After 17 years in its present form, the Authority is being disbanded to make way for Police and Crime Commissioner Bob Jones who formally moves into the hot seat this Thursday.

Mr Jones, a Labour city councillor in Wolverhampton, was an ordinary member of the public at the final meeting of the Authority he has served on for two decades.

He takes over at a difficult time for West Midlands Police, which has to find £120 million in Government savings.

The force has set out plans to lose 1,850 employees, including 1,060 police officers, 20 police community support officers and 770 civilian staff. However, Mr Jones expects to begin recruiting police officers for the first time in four years during 2013-14.

Asked to say a few words he shook the Chief Constable’s hand and repeated promises to ensure greater community involvement in deciding crime-fighting priorities.

Predictably, Mr Jones faced an immediate challenge from the Police Federation.

The organisation, which is the closest police of non-officer rank have to a trade union, demanded to know what the new Commissioner’s priorities would be.

West Midlands Police Federation chairman Ian Edwards said: “We would like to congratulate Mr Jones on his election. We want to meet him as soon as possible and look forward to working with him.

“He takes on this role at a critical time for policing. The Government’s 20 per cent cuts to policing budgets are starting to bite and are affecting front-line services.

“Police officers do not understand why policing is facing such harsh cuts when overseas aid spending has been increased by 34 per cent. The Government’s first duty has to be the safety of its own citizens.

“We want to discuss our concerns with the new PCC and find a way to work together to help protect our police service and therefore our communities.”

Although the police authority has come in for some criticism in the past two years, notably over the public relations disaster of Project Champion which involved placing scores of CCTV cameras and vehicle identification equipment in mainly Muslim areas of Birmingham, members were in no mood to apologise.

Vice-chairman Diana Holl-Allen echoed Chief Constable Chris Sims in declaring that West Midlands Police force  had learnt valuable lessons from Project Champion and was all the better for it.

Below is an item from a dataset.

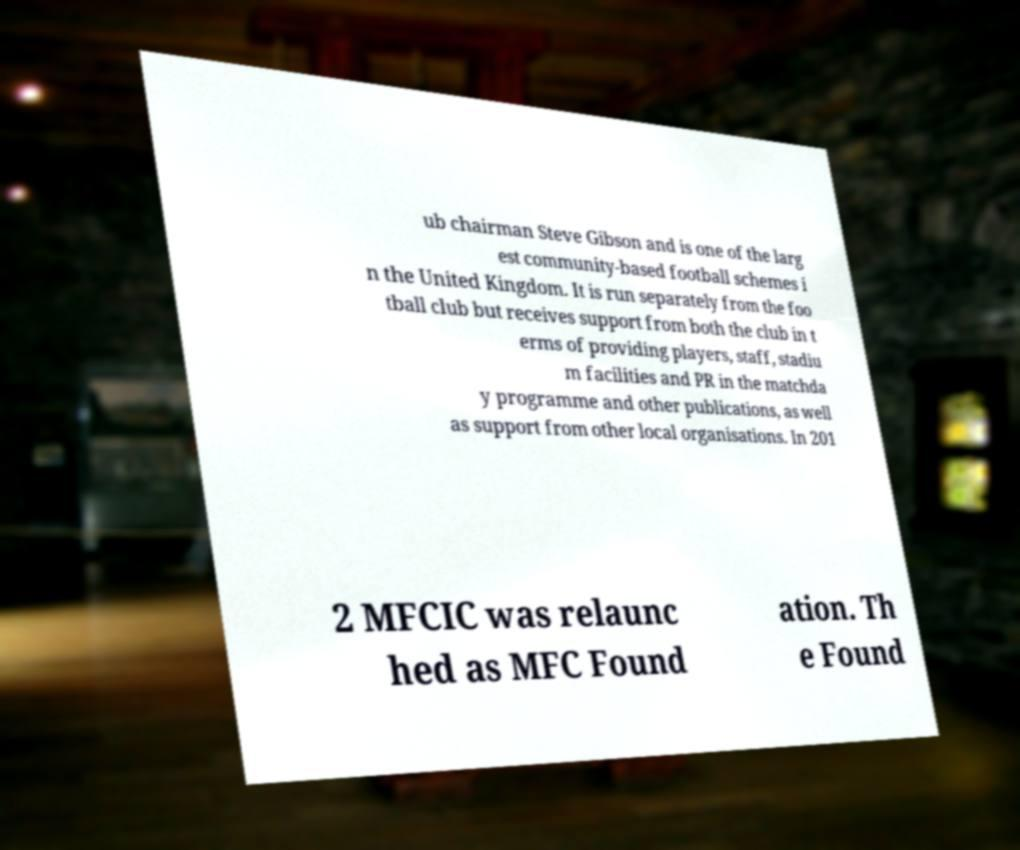Could you assist in decoding the text presented in this image and type it out clearly? ub chairman Steve Gibson and is one of the larg est community-based football schemes i n the United Kingdom. It is run separately from the foo tball club but receives support from both the club in t erms of providing players, staff, stadiu m facilities and PR in the matchda y programme and other publications, as well as support from other local organisations. In 201 2 MFCIC was relaunc hed as MFC Found ation. Th e Found

Mr Sims told members they should be proud of their achievements. Crime in the region has halved since 1995 and the latest figures record the sharpest fall in reported crime during the past year of any force in the country, he added.

The Chief Constable described the Birmingham city centre riots of 2011 as a “seminal moment” for the force and the police authority in leading to closer working relationships with communities.

Mr Jones is expected to highlight his immediate priorities later this week, with the abandonment of controversial privatisation plans at the top of the agenda.

He will scrap the Business Partnering for Police programme which had shortlisted several firms deemed capable of taking responsibility for delivering non-operational matters. The scheme, which was being worked upon in conjunction with Surrey Police, would have transferred work such as guarding crime scenes and monitoring CCTV cameras to the private sector.

West Midlands Police, Surrey Police and the Home Office have spent £5 million between them on investigating the privatisation programme. Surrey Police announced it was pulling out earlier in the year.

Mr Jones said: “It’s a waste of money. We’ve spent enough on this already and I intend to stop it.”

He intends to announce the formation of a working party to investigate ways of improving police IT without travelling fully down the privatisation route. Mr Jones added: “There will be an option to use the private sector if that is best but we should do so under the direct control of the chief constable, not having private companies managing police officers and staff.”